What you need to do = Pictures stay out; everything else in the records below gets copied exactly.

↓↓↓

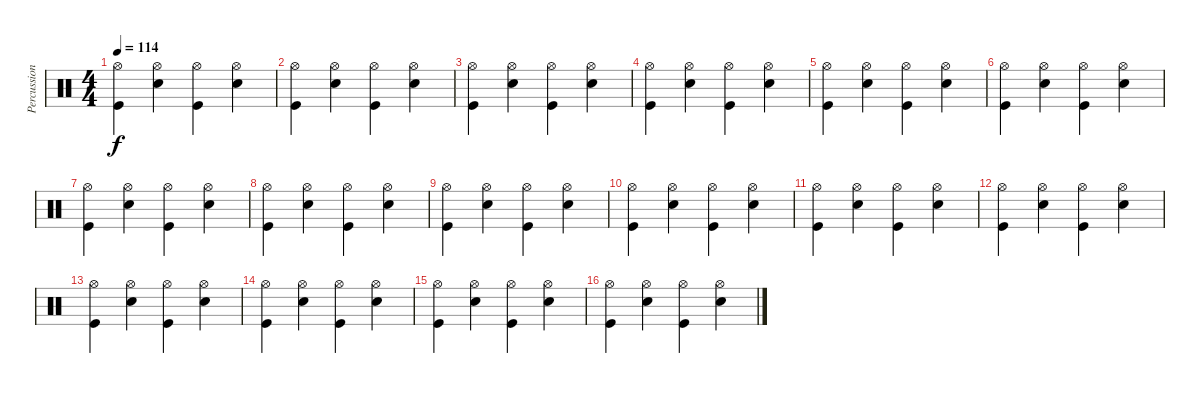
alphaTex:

\track ("Percussion" "Percussion") {solo instrument percussion}
\staff {score}
\articulation defaults
\ts (4 4)
\tempo 114
\clef neutral
\ks c
("Hi-Hat (open)" "Kick (hit)").4{dy f} ("Hi-Hat (open)" "Electric Snare (hit)").4 ("Hi-Hat (open)" "Kick (hit)").4 ("Hi-Hat (open)" "Electric Snare (hit)").4 |
("Hi-Hat (open)" "Kick (hit)").4 ("Hi-Hat (open)" "Electric Snare (hit)").4 ("Hi-Hat (open)" "Kick (hit)").4 ("Hi-Hat (open)" "Electric Snare (hit)").4 |
("Hi-Hat (open)" "Kick (hit)").4 ("Hi-Hat (open)" "Electric Snare (hit)").4 ("Hi-Hat (open)" "Kick (hit)").4 ("Hi-Hat (open)" "Electric Snare (hit)").4 |
("Hi-Hat (open)" "Kick (hit)").4 ("Hi-Hat (open)" "Electric Snare (hit)").4 ("Hi-Hat (open)" "Kick (hit)").4 ("Hi-Hat (open)" "Electric Snare (hit)").4 |
("Hi-Hat (open)" "Kick (hit)").4 ("Hi-Hat (open)" "Electric Snare (hit)").4 ("Hi-Hat (open)" "Kick (hit)").4 ("Hi-Hat (open)" "Electric Snare (hit)").4 |
("Hi-Hat (open)" "Kick (hit)").4 ("Hi-Hat (open)" "Electric Snare (hit)").4 ("Hi-Hat (open)" "Kick (hit)").4 ("Hi-Hat (open)" "Electric Snare (hit)").4 |
("Hi-Hat (open)" "Kick (hit)").4 ("Hi-Hat (open)" "Electric Snare (hit)").4 ("Hi-Hat (open)" "Kick (hit)").4 ("Hi-Hat (open)" "Electric Snare (hit)").4 |
("Hi-Hat (open)" "Kick (hit)").4 ("Hi-Hat (open)" "Electric Snare (hit)").4 ("Hi-Hat (open)" "Kick (hit)").4 ("Hi-Hat (open)" "Electric Snare (hit)").4 |
("Hi-Hat (open)" "Kick (hit)").4 ("Hi-Hat (open)" "Electric Snare (hit)").4 ("Hi-Hat (open)" "Kick (hit)").4 ("Hi-Hat (open)" "Electric Snare (hit)").4 |
("Hi-Hat (open)" "Kick (hit)").4 ("Hi-Hat (open)" "Electric Snare (hit)").4 ("Hi-Hat (open)" "Kick (hit)").4 ("Hi-Hat (open)" "Electric Snare (hit)").4 |
("Hi-Hat (open)" "Kick (hit)").4 ("Hi-Hat (open)" "Electric Snare (hit)").4 ("Hi-Hat (open)" "Kick (hit)").4 ("Hi-Hat (open)" "Electric Snare (hit)").4 |
("Hi-Hat (open)" "Kick (hit)").4 ("Hi-Hat (open)" "Electric Snare (hit)").4 ("Hi-Hat (open)" "Kick (hit)").4 ("Hi-Hat (open)" "Electric Snare (hit)").4 |
("Hi-Hat (open)" "Kick (hit)").4 ("Hi-Hat (open)" "Electric Snare (hit)").4 ("Hi-Hat (open)" "Kick (hit)").4 ("Hi-Hat (open)" "Electric Snare (hit)").4 |
("Hi-Hat (open)" "Kick (hit)").4 ("Hi-Hat (open)" "Electric Snare (hit)").4 ("Hi-Hat (open)" "Kick (hit)").4 ("Hi-Hat (open)" "Electric Snare (hit)").4 |
("Hi-Hat (open)" "Kick (hit)").4 ("Hi-Hat (open)" "Electric Snare (hit)").4 ("Hi-Hat (open)" "Kick (hit)").4 ("Hi-Hat (open)" "Electric Snare (hit)").4 |
("Hi-Hat (open)" "Kick (hit)").4 ("Hi-Hat (open)" "Electric Snare (hit)").4 ("Hi-Hat (open)" "Kick (hit)").4 ("Hi-Hat (open)" "Electric Snare (hit)").4

↑↑↑

Answer box =
alphaTex:

\track ("Percussion" "Percussion") {solo instrument percussion}
\staff {score}
\articulation defaults
\ts (4 4)
\tempo 114
\clef neutral
\ks c
("Hi-Hat (open)" "Kick (hit)").4{dy f} ("Hi-Hat (open)" "Electric Snare (hit)").4 ("Hi-Hat (open)" "Kick (hit)").4 ("Hi-Hat (open)" "Electric Snare (hit)").4 |
("Hi-Hat (open)" "Kick (hit)").4 ("Hi-Hat (open)" "Electric Snare (hit)").4 ("Hi-Hat (open)" "Kick (hit)").4 ("Hi-Hat (open)" "Electric Snare (hit)").4 |
("Hi-Hat (open)" "Kick (hit)").4 ("Hi-Hat (open)" "Electric Snare (hit)").4 ("Hi-Hat (open)" "Kick (hit)").4 ("Hi-Hat (open)" "Electric Snare (hit)").4 |
("Hi-Hat (open)" "Kick (hit)").4 ("Hi-Hat (open)" "Electric Snare (hit)").4 ("Hi-Hat (open)" "Kick (hit)").4 ("Hi-Hat (open)" "Electric Snare (hit)").4 |
("Hi-Hat (open)" "Kick (hit)").4 ("Hi-Hat (open)" "Electric Snare (hit)").4 ("Hi-Hat (open)" "Kick (hit)").4 ("Hi-Hat (open)" "Electric Snare (hit)").4 |
("Hi-Hat (open)" "Kick (hit)").4 ("Hi-Hat (open)" "Electric Snare (hit)").4 ("Hi-Hat (open)" "Kick (hit)").4 ("Hi-Hat (open)" "Electric Snare (hit)").4 |
("Hi-Hat (open)" "Kick (hit)").4 ("Hi-Hat (open)" "Electric Snare (hit)").4 ("Hi-Hat (open)" "Kick (hit)").4 ("Hi-Hat (open)" "Electric Snare (hit)").4 |
("Hi-Hat (open)" "Kick (hit)").4 ("Hi-Hat (open)" "Electric Snare (hit)").4 ("Hi-Hat (open)" "Kick (hit)").4 ("Hi-Hat (open)" "Electric Snare (hit)").4 |
("Hi-Hat (open)" "Kick (hit)").4 ("Hi-Hat (open)" "Electric Snare (hit)").4 ("Hi-Hat (open)" "Kick (hit)").4 ("Hi-Hat (open)" "Electric Snare (hit)").4 |
("Hi-Hat (open)" "Kick (hit)").4 ("Hi-Hat (open)" "Electric Snare (hit)").4 ("Hi-Hat (open)" "Kick (hit)").4 ("Hi-Hat (open)" "Electric Snare (hit)").4 |
("Hi-Hat (open)" "Kick (hit)").4 ("Hi-Hat (open)" "Electric Snare (hit)").4 ("Hi-Hat (open)" "Kick (hit)").4 ("Hi-Hat (open)" "Electric Snare (hit)").4 |
("Hi-Hat (open)" "Kick (hit)").4 ("Hi-Hat (open)" "Electric Snare (hit)").4 ("Hi-Hat (open)" "Kick (hit)").4 ("Hi-Hat (open)" "Electric Snare (hit)").4 |
("Hi-Hat (open)" "Kick (hit)").4 ("Hi-Hat (open)" "Electric Snare (hit)").4 ("Hi-Hat (open)" "Kick (hit)").4 ("Hi-Hat (open)" "Electric Snare (hit)").4 |
("Hi-Hat (open)" "Kick (hit)").4 ("Hi-Hat (open)" "Electric Snare (hit)").4 ("Hi-Hat (open)" "Kick (hit)").4 ("Hi-Hat (open)" "Electric Snare (hit)").4 |
("Hi-Hat (open)" "Kick (hit)").4 ("Hi-Hat (open)" "Electric Snare (hit)").4 ("Hi-Hat (open)" "Kick (hit)").4 ("Hi-Hat (open)" "Electric Snare (hit)").4 |
("Hi-Hat (open)" "Kick (hit)").4 ("Hi-Hat (open)" "Electric Snare (hit)").4 ("Hi-Hat (open)" "Kick (hit)").4 ("Hi-Hat (open)" "Electric Snare (hit)").4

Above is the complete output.